Aggius è uno dei pochi comuni in Gallura ad aver conservato le antiche tradizioni dei riti della settimana santa. Durante questo periodo il paese si trasforma idealmente in Gerusalemme: le vie del centro storico si riempiono di fedeli, mentre le confraternite indossando il saio tradizionale, danno vita a processioni ricche di spiritualità.

Dalla Domenica delle Palme alla Pasqua di Resurrezione, si susseguono ritualità paraliturgiche popolari espresse in forme teatrali, derivante secondo gli studiosi, da sacre rappresentazioni, in parte originarie, dalla tradizione ligure prima e poi da quella spagnola.

Nei giorni della Settimana Santa, nelle granitiche chiese galluresi oppure, all’aperto, sui sagrati, si susseguono messe e processioni che, nella suggestiva oscurità della sera, producono un’atmosfera di mestizia e, nello stesso tempo, di compartecipazione collettiva al dolore per la rappresentazione della morte di Cristo.

Le processioni e i riti sono accompagnati dal canto salmodiante delle confraternite e dai cori tradizionali.

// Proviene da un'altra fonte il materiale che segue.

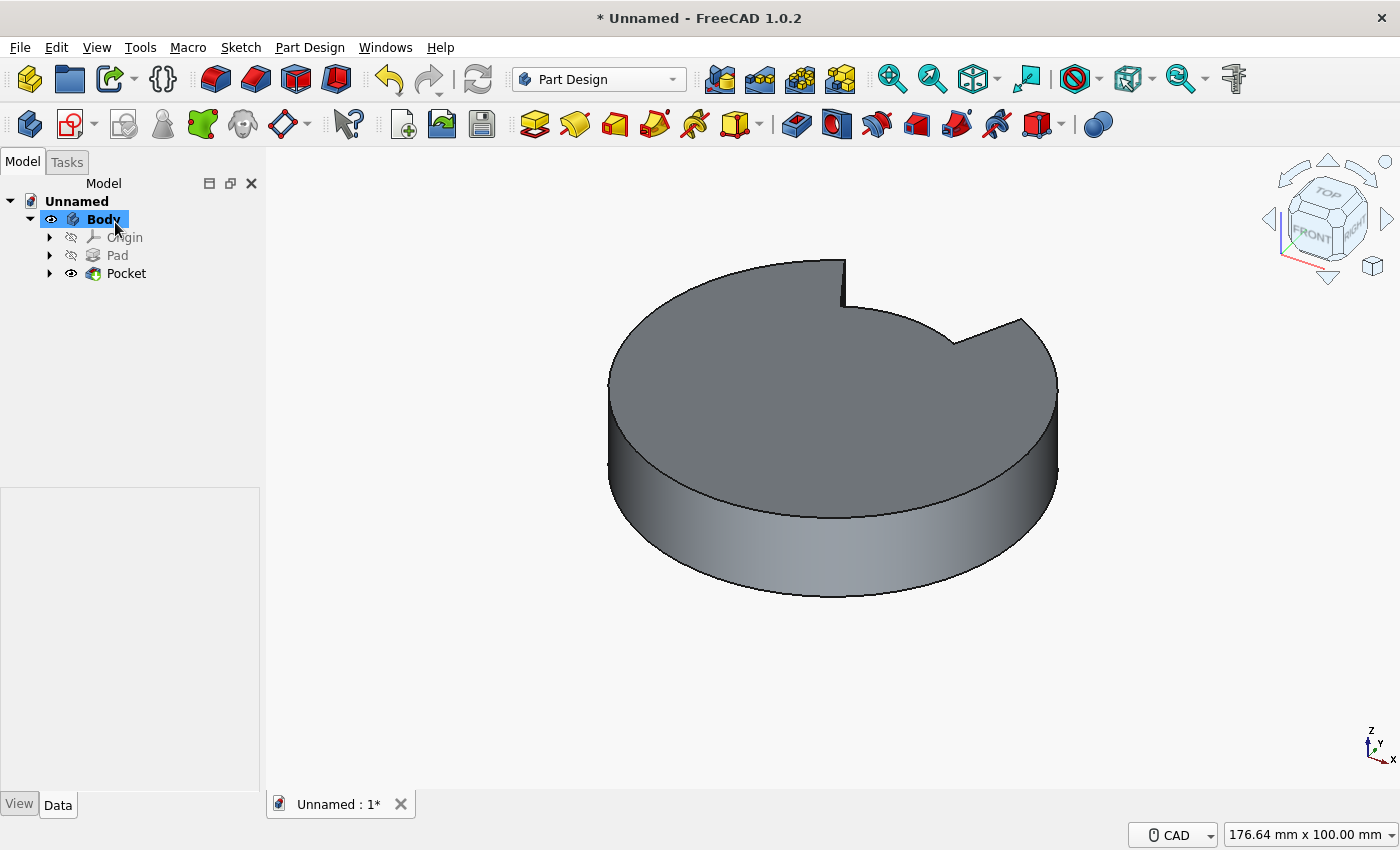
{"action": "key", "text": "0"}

Ad Aggius sono presenti e molto attive due confraternite: quella di Santa Croce e quella del Santissimo Rosario.

L’Arciconfraternita di Santa Croce risale al 1709, quella del Rosario si è costituita nel 1727; sono entrambe molto importanti e, sin dalla loro costituzione, ininterrottamente collaborano garantendo la continuità e genuinità dei canti paraliturgici della tradizione.

La domenica delle palme apre i riti della Chita Santa aggese. Davanti al sagrato della chiesa del Rosario i confratelli preparano le palme e i rami di ulivo da distribuire. Dopo la benedizione i fedeli convenuti si dirigono verso la parrocchiale di Santa Vittoria accompagnati dal canto dei cori che intonano “Hosanna Filio David” e “Pueri Ebreorum“.

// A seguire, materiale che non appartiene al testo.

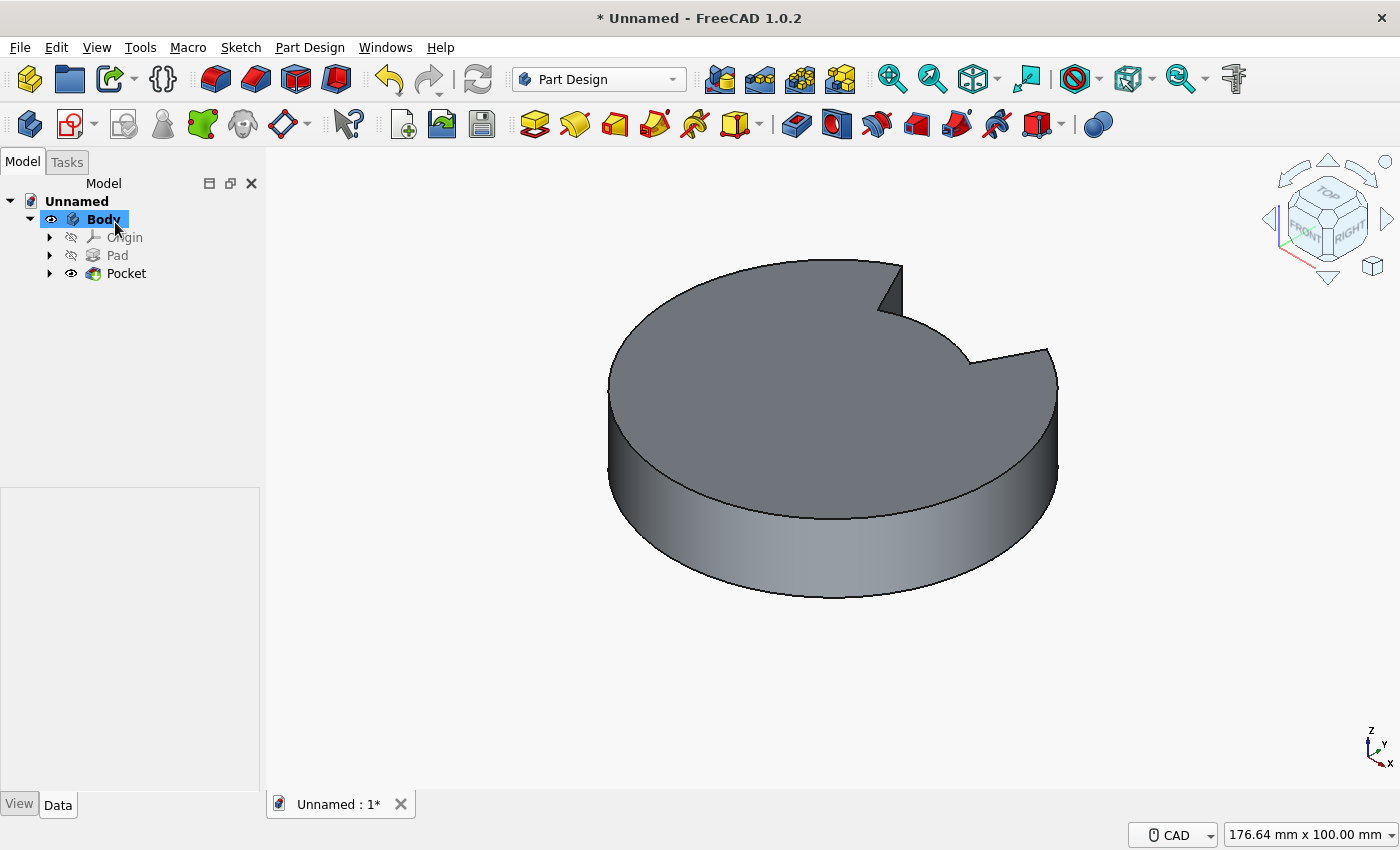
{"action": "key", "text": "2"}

Arrivati alla chiesa trovano la porta chiusa; i due cori, uno all’interno ed uno all’esterno, si alternano nell’esecuzione del “Gloria Laus et Honor”. Soltanto dopo aver bussato per tre volte le ante della porta si spalancano ed il sacerdote che, in quella fase rituale personifica Gesù, entra trionfalmente in chiesa; nella trasposizione scenica e simbolica, essa rappresenta Gerusalemme che accoglie e acclama Cristo che procede accompagnato della folla di fedeli.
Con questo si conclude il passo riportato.